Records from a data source
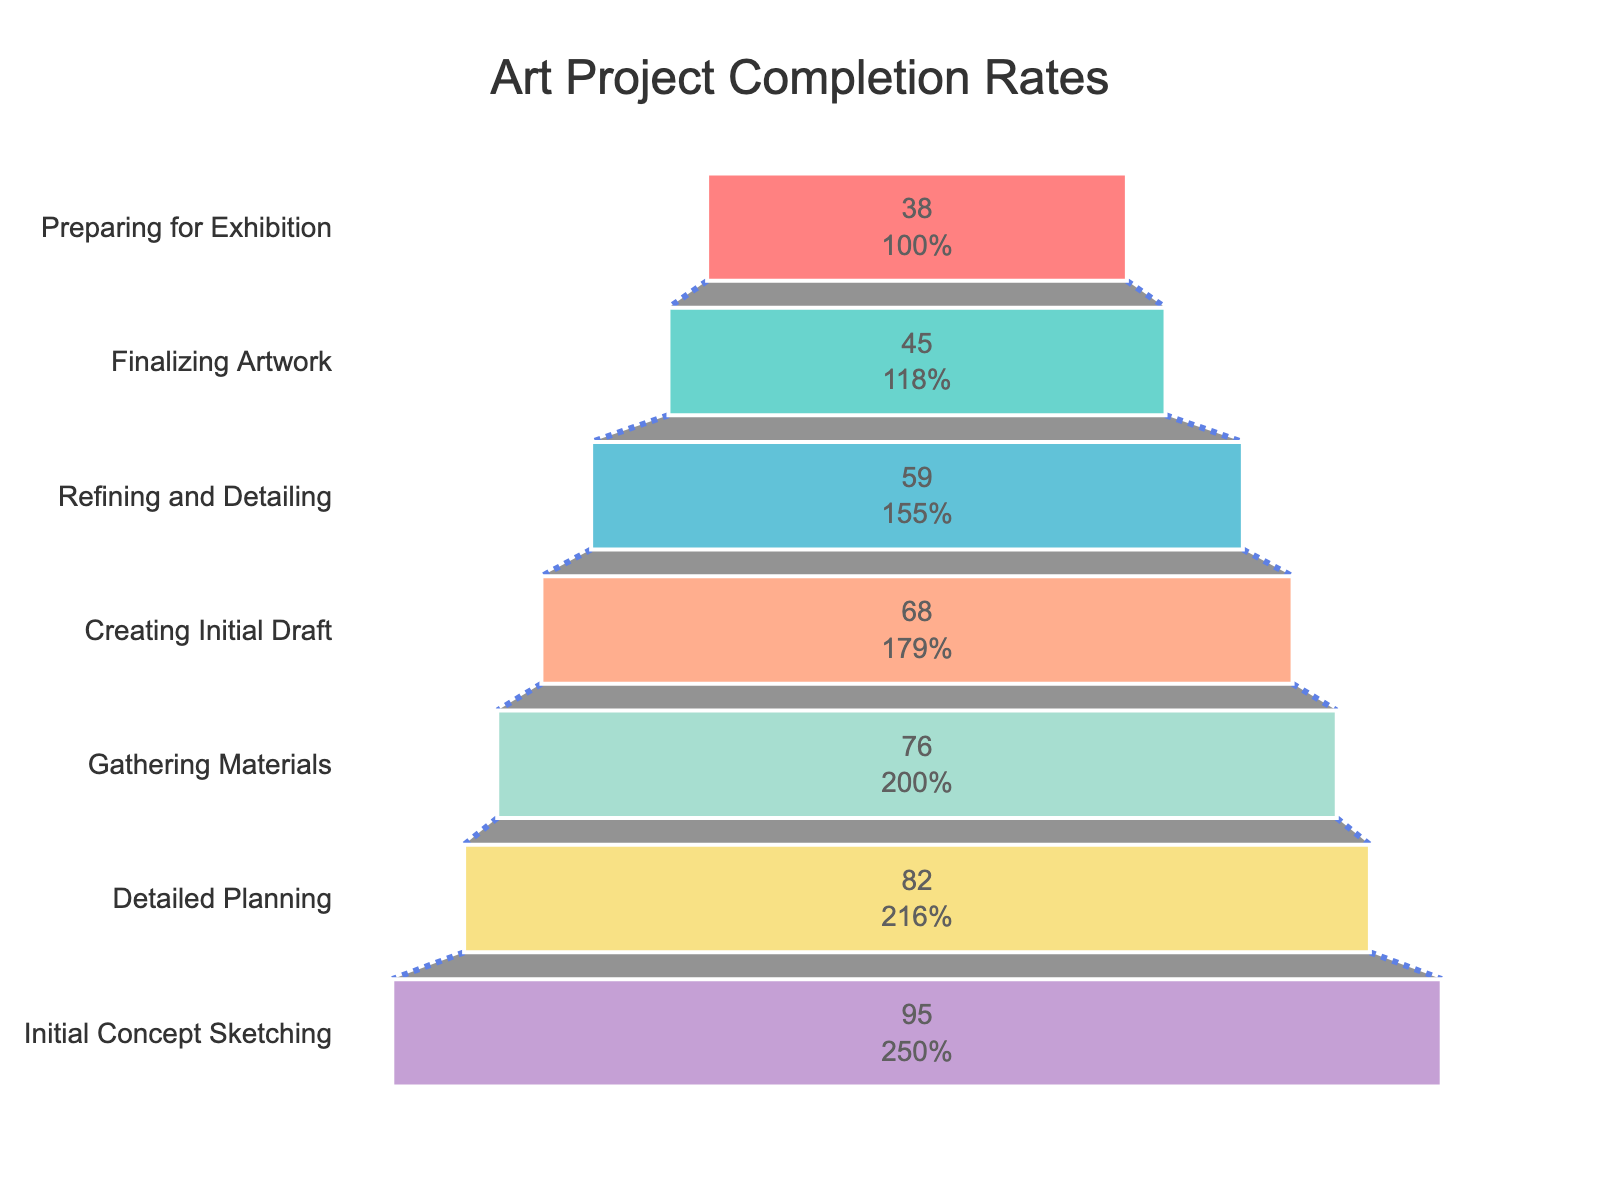What is the title of the funnel chart? The title of the chart is the text that appears prominently at the top. Here, it's the most descriptive label that explains what the chart represents.
Answer: Art Project Completion Rates How many stages are there in the art project according to the funnel chart? By counting the number of steps or segments in the funnel, each labeled with a different stage, we can determine the total number of stages.
Answer: 7 What is the completion rate for the Initial Concept Sketching stage? The completion rate is indicated within the segment representing each stage. The value inside the Initial Concept Sketching stage segment is the completion rate for that stage.
Answer: 95% Which stage has the lowest completion rate and what is that rate? By examining the completion rates of all stages, the segment with the smallest value represents the lowest completion rate.
Answer: Preparing for Exhibition, 38% What is the total drop in completion rates from Initial Concept Sketching to Preparing for Exhibition? Subtract the completion rate of Preparing for Exhibition from that of Initial Concept Sketching: 95% - 38% = 57%. This gives the total drop.
Answer: 57% Compared to the Detailed Planning stage, what is the percentage decrease in completion rate at the Gathering Materials stage? First find the difference in their completion rates: 82% - 76% = 6%. Then, divide this difference by the Detailed Planning rate and multiply by 100 to get the percentage decrease: (6 / 82) * 100 ≈ 7.32%.
Answer: ~7.32% What stage directly follows the Creating Initial Draft stage in the funnel chart? Look for the segment immediately below Creating Initial Draft. The label of this segment indicates the next stage.
Answer: Refining and Detailing During which stage does the largest drop in completion rate occur? By comparing the difference between consecutive stages' completion rates, the segment pair with the largest difference indicates the most significant drop. Refining and Detailing (59%) to Finalizing Artwork (45%) has the largest drop of 14%.
Answer: From Refining and Detailing to Finalizing Artwork How does the completion rate of Gathering Materials compare to Refining and Detailing? Compare the numerical values of their completion rates. Gathering Materials has a rate of 76% while Refining and Detailing has a rate of 59%.
Answer: Gathering Materials is higher by 17% Given the funnel chart's stages and completion rates, which stage sees a higher drop in percentage: Detailed Planning to Gathering Materials, or Refining and Detailing to Preparing for Exhibition? Calculate the drop for each pair. Detailed Planning (82%) to Gathering Materials (76%) is 6%. Refining and Detailing (59%) to Preparing for Exhibition (38%) is 21%. The drop from Refining and Detailing to Preparing for Exhibition is larger.
Answer: Refining and Detailing to Preparing for Exhibition 
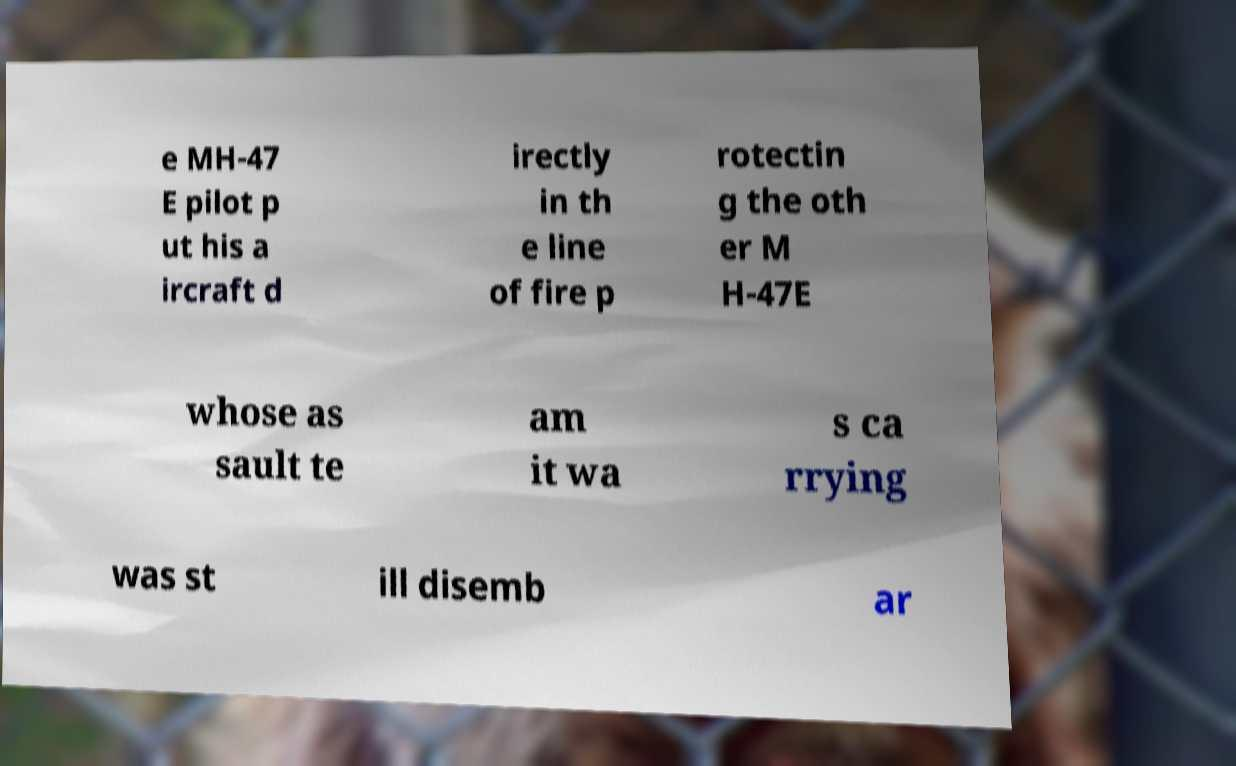Could you extract and type out the text from this image? e MH-47 E pilot p ut his a ircraft d irectly in th e line of fire p rotectin g the oth er M H-47E whose as sault te am it wa s ca rrying was st ill disemb ar 
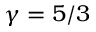Convert formula to latex. <formula><loc_0><loc_0><loc_500><loc_500>\gamma = 5 / 3</formula> 
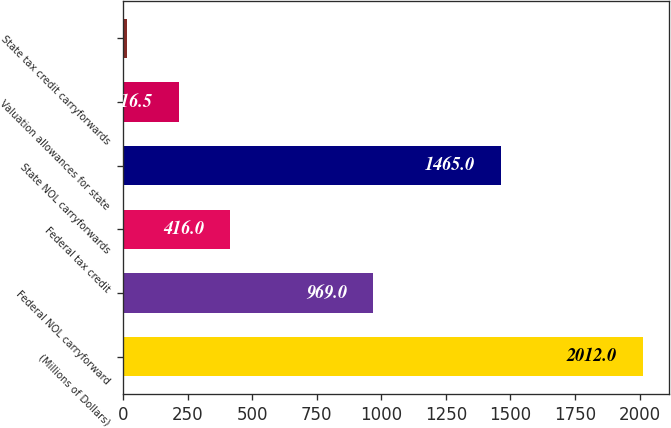<chart> <loc_0><loc_0><loc_500><loc_500><bar_chart><fcel>(Millions of Dollars)<fcel>Federal NOL carryforward<fcel>Federal tax credit<fcel>State NOL carryforwards<fcel>Valuation allowances for state<fcel>State tax credit carryforwards<nl><fcel>2012<fcel>969<fcel>416<fcel>1465<fcel>216.5<fcel>17<nl></chart> 
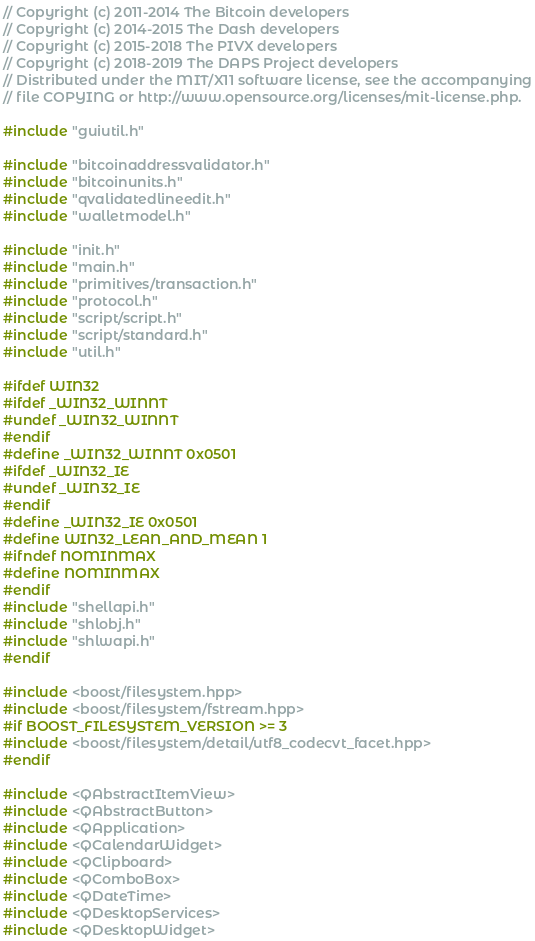<code> <loc_0><loc_0><loc_500><loc_500><_C++_>// Copyright (c) 2011-2014 The Bitcoin developers
// Copyright (c) 2014-2015 The Dash developers
// Copyright (c) 2015-2018 The PIVX developers
// Copyright (c) 2018-2019 The DAPS Project developers
// Distributed under the MIT/X11 software license, see the accompanying
// file COPYING or http://www.opensource.org/licenses/mit-license.php.

#include "guiutil.h"

#include "bitcoinaddressvalidator.h"
#include "bitcoinunits.h"
#include "qvalidatedlineedit.h"
#include "walletmodel.h"

#include "init.h"
#include "main.h"
#include "primitives/transaction.h"
#include "protocol.h"
#include "script/script.h"
#include "script/standard.h"
#include "util.h"

#ifdef WIN32
#ifdef _WIN32_WINNT
#undef _WIN32_WINNT
#endif
#define _WIN32_WINNT 0x0501
#ifdef _WIN32_IE
#undef _WIN32_IE
#endif
#define _WIN32_IE 0x0501
#define WIN32_LEAN_AND_MEAN 1
#ifndef NOMINMAX
#define NOMINMAX
#endif
#include "shellapi.h"
#include "shlobj.h"
#include "shlwapi.h"
#endif

#include <boost/filesystem.hpp>
#include <boost/filesystem/fstream.hpp>
#if BOOST_FILESYSTEM_VERSION >= 3
#include <boost/filesystem/detail/utf8_codecvt_facet.hpp>
#endif

#include <QAbstractItemView>
#include <QAbstractButton>
#include <QApplication>
#include <QCalendarWidget>
#include <QClipboard>
#include <QComboBox>
#include <QDateTime>
#include <QDesktopServices>
#include <QDesktopWidget></code> 
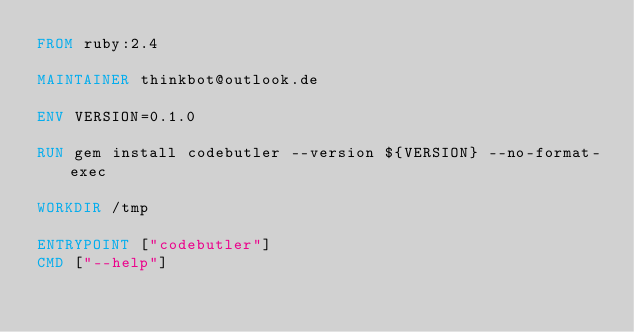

_Work task:_ Your reply should be a single number: the count of lines above that include the string "total".

_Answer section:_ 2